Ultimately, new EDA tools will be necessary. We'll take a look at some of these tools later on in the article.

Need For Change: Bob Barker, vice president of marketing at Future Design Automation, notes that one issue for FPGA designers is the need to change the design environment and improve user sophistication. ASIC designers have many tens of tools and scripts to invoke the tools in a repeatable sequence. Unless they're migrating from the ASIC world, FPGA designers tend not to have the support and infrastructure in place to help with the complex design environment.

Kent Moffat, product marketing manager at Mentor Graphics, agrees. He adds that in some sense, the changes from small to large FPGAs is not only a technical challenge, but also an internal design culture challenge. The design environment must shift from a small group of people working on a collection of design blocks in the same package to an interacting team. ASIC groups have a large CAD organization to help with scripts and tool flows. FPGA users moving up from smaller FGPAs lack this type of infrastructure.

Another key issue is support, says Axel Tillman, CEO of Novilit. HDLs are complex and as FPGAs get larger, the design task grows exponentially.

Molding To Change: The existing tools and methodologies can't scale and grow to address the changes in the nature of FPGA design. As the chips expand to ASIC size, the methodologies must evolve to either an ASIC style—lots of simulation, vectors, synthesis, etc.—or to a block-based design with 50% to 80% of the design as predesigned function modules.

Even with the use of predesigned function blocks, design complexity is surpassing the tools' capabilities. In simpler times, multiple blocks on an FPGA interacted minimally. The net effect was that of a set of multiple designs within a single piece of silicon. Now the blocks are specifically de-signed to interact.

The very high level of communications between blocks—protocols and transactions—is very time consuming and complex to verify in the design. Interactions between the various protocols is not simple. What does it take to interface the DSP and CPU while concurrently the direct memory access (DMA) and USB demand the bus?

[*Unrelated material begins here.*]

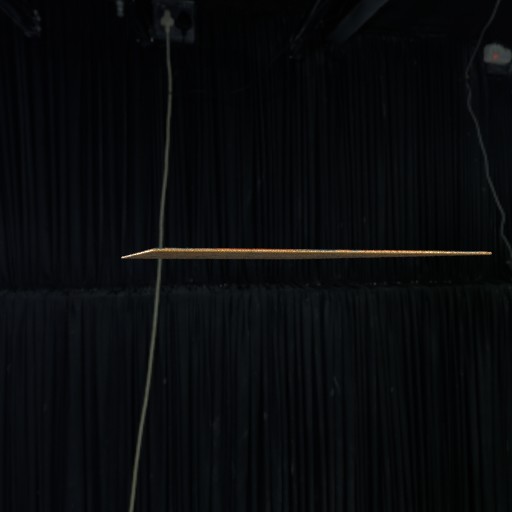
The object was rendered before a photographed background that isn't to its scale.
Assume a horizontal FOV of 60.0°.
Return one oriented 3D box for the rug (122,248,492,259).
[{"bbox_3d":[0.000,0.000,3.749,2.043,0.019,2.916,0,-1,-20],"label":"rug"}]

Though beneficial, using an ASIC flow isn't time friendly. Most designs require the designer to spend a lot of time in simulation at the register-transfer level (RTL) with little hope of reaching a well defined endpoint. One question is how to translate from RTL to something else. If the design starts with a high-level model, this model needs a transform to something else and then to RTL.

The ASIC approach requires detailed structural knowledge of the functional blocks. But system design needs a different set of simulations in C or some other high-level language to check algorithms and structures. Unfortunately, the next step in this ASIC design flow is to manually translate the high-level model to HDL, with the attendant errors and gaps in design.

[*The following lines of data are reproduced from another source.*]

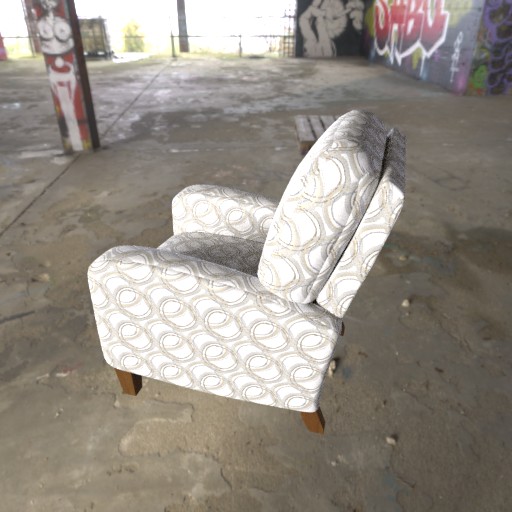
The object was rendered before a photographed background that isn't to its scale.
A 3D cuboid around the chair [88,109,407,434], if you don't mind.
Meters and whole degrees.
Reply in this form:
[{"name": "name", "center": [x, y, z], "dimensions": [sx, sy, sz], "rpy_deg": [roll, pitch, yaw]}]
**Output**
[{"name": "chair", "center": [0.000, 0.000, 1.737], "dimensions": [0.995, 1.065, 0.796], "rpy_deg": [8, 30, 15]}]

Fred Stones, vice president of sales at Summit Design, says new technologies enable a conceptual level above the hardware. A layer of C can adequately model most operations of any IC until you need to get to the clock-accurate details. In this way, you can verify in SystemC and migrate toward a mixed C-RTL design for synthesis.

Methodologies: The critical focus of system-level FPGA design is changing to one of rapid output and performance tweaking. To accomplish this, users need to explore the system architectures and look at the limitations of the devices to be used. A sub-optimal choice, say a microprocessor with a floating-point unit in a system that's not doing any math, makes the rest of the system unwieldy.

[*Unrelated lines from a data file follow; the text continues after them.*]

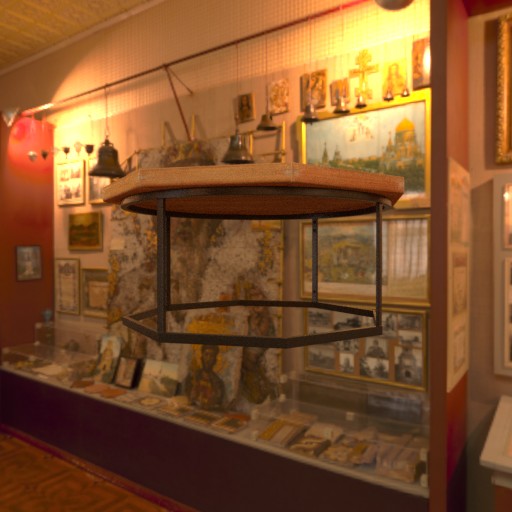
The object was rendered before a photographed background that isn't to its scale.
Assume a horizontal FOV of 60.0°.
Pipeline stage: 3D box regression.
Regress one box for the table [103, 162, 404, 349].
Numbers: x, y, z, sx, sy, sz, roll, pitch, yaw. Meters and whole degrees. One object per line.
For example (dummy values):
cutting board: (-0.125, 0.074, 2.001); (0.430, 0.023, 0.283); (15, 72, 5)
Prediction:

Designers must be able to verify the design in an interactive environment. Unfortunately, the HDL simulation environment generates too much data. It also requires a complete description of the input stimulus vectors, leading to incomplete coverage and an unknown endpoint for verification.

To change the design sequences and reduce time to working silicon, breakpoints should be inserted into the source code and backtracked to the smallest cloud of gates that can originate the errors. The desire is to get into the lab as quickly as possible, to run the design at full speed, and to get to billions of clocks in just minutes rather than in days or weeks.